*** DATASET EXTRACT ***
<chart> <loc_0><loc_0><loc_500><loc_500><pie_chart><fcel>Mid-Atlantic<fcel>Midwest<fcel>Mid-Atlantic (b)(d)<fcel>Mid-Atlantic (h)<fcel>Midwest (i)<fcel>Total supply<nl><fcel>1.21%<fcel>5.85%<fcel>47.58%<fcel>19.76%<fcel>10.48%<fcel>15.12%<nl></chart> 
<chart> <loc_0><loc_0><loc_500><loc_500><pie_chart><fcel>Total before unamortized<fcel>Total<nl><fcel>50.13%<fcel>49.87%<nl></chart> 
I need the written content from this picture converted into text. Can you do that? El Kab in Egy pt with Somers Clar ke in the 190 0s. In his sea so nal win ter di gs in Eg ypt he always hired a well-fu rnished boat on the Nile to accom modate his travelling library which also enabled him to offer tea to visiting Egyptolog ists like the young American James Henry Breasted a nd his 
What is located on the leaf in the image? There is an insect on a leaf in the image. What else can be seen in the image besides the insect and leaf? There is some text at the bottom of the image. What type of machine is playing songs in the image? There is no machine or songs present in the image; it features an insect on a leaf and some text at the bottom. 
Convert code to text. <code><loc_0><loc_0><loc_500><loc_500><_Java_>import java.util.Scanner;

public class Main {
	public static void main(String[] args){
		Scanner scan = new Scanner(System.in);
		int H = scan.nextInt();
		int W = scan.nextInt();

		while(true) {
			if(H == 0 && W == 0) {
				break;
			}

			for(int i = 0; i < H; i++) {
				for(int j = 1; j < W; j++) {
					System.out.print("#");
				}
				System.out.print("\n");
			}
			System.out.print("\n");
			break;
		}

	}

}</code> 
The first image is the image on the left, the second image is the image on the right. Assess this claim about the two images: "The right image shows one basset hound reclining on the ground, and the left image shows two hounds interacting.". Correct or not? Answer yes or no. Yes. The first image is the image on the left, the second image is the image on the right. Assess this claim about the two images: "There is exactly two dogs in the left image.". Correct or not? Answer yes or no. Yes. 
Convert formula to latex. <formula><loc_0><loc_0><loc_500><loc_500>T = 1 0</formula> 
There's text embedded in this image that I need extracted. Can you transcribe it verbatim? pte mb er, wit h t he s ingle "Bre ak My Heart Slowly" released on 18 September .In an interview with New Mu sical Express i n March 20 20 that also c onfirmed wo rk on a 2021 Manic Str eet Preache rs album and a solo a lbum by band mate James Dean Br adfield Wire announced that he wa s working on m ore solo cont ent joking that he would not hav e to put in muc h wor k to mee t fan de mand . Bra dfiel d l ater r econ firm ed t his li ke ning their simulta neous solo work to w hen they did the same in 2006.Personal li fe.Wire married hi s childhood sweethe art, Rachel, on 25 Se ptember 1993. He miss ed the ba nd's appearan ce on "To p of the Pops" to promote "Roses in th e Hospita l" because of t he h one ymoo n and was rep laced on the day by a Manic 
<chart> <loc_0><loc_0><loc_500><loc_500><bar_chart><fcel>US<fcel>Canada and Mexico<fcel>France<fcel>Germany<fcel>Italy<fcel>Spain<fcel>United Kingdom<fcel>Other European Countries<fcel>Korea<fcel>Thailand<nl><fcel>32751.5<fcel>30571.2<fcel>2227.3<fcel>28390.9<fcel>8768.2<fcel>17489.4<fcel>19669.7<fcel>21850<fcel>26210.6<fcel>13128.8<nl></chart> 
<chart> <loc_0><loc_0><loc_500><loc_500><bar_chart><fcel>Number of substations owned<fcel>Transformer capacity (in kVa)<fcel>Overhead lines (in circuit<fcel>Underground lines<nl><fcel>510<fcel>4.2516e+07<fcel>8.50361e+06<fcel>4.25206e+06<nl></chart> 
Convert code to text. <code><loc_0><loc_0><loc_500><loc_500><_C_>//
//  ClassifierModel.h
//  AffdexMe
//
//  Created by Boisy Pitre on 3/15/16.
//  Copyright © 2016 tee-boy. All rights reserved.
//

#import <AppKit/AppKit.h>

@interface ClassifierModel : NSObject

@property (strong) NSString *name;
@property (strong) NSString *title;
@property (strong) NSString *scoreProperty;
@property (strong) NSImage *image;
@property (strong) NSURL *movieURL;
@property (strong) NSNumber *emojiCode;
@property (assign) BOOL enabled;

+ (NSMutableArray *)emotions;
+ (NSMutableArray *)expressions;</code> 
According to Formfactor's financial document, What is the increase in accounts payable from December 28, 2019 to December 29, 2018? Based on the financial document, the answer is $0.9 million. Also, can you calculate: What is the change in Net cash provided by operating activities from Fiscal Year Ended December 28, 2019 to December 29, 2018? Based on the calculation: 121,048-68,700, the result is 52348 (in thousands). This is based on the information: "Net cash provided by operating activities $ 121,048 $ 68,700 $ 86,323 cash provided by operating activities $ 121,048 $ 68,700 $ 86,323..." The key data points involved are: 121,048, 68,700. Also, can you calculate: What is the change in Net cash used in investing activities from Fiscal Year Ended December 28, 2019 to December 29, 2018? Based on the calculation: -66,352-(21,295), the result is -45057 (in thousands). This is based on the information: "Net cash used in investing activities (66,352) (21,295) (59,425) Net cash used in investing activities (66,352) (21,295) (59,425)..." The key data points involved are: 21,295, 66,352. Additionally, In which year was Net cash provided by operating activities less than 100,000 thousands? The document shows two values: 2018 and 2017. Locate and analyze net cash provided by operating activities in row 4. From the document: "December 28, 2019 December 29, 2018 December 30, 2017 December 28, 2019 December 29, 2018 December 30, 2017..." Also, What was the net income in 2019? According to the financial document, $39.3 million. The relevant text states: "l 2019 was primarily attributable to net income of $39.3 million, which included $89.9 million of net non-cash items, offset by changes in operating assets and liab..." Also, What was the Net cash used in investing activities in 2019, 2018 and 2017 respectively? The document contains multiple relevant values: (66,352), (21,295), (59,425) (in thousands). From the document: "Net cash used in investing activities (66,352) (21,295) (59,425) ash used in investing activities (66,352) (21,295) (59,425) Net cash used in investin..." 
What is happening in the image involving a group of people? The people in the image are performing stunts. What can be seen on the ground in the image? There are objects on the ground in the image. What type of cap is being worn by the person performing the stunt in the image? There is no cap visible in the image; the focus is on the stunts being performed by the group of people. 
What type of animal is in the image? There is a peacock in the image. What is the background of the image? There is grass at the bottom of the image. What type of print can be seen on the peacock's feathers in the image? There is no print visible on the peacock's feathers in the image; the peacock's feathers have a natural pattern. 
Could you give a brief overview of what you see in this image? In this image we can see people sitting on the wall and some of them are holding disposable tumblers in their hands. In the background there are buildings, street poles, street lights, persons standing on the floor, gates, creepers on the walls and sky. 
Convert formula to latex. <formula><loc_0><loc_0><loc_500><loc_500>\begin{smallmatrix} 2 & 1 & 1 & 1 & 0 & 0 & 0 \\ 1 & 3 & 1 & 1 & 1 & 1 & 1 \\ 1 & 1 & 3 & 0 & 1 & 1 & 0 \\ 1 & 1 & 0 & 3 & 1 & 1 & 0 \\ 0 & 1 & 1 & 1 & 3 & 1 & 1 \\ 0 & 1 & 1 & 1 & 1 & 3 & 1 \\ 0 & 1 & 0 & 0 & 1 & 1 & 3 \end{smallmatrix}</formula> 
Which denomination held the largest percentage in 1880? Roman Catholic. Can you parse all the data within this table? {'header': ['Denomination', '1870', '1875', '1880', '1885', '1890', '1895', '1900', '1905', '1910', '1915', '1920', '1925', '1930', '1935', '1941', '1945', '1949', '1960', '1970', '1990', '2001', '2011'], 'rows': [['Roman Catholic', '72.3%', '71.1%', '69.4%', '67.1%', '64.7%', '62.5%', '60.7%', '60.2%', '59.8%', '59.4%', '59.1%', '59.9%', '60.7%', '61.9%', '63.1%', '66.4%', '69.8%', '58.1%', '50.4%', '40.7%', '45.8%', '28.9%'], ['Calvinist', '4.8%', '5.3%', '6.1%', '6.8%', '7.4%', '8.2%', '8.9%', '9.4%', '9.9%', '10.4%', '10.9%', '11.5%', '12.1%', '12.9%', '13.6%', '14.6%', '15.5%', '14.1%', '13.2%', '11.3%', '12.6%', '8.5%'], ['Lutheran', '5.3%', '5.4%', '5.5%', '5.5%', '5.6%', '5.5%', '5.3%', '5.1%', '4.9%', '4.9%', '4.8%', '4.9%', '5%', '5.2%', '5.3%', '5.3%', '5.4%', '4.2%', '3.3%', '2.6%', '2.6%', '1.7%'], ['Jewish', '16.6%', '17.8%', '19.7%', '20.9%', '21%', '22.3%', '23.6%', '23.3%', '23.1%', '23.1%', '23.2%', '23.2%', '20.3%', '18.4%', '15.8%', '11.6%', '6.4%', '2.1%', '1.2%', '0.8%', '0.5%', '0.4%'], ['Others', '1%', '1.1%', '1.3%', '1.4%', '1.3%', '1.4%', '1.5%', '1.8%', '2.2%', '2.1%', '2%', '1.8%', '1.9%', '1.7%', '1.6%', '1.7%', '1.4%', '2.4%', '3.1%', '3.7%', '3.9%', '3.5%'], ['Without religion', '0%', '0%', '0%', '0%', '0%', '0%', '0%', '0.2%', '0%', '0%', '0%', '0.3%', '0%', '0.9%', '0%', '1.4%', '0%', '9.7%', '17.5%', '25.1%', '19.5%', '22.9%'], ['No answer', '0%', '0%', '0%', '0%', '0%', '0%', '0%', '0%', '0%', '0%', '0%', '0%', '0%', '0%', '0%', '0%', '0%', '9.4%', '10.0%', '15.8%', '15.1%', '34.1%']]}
*** End of DATASET EXTRACT ***
#### TASK REQUIREMENTS:
Each line of the data that holds "import" should be reported.

#### ANSWER BOX:
Convert code to text. <code><loc_0><loc_0><loc_500><loc_500><_Java_>import java.util.Scanner;
#import <AppKit/AppKit.h>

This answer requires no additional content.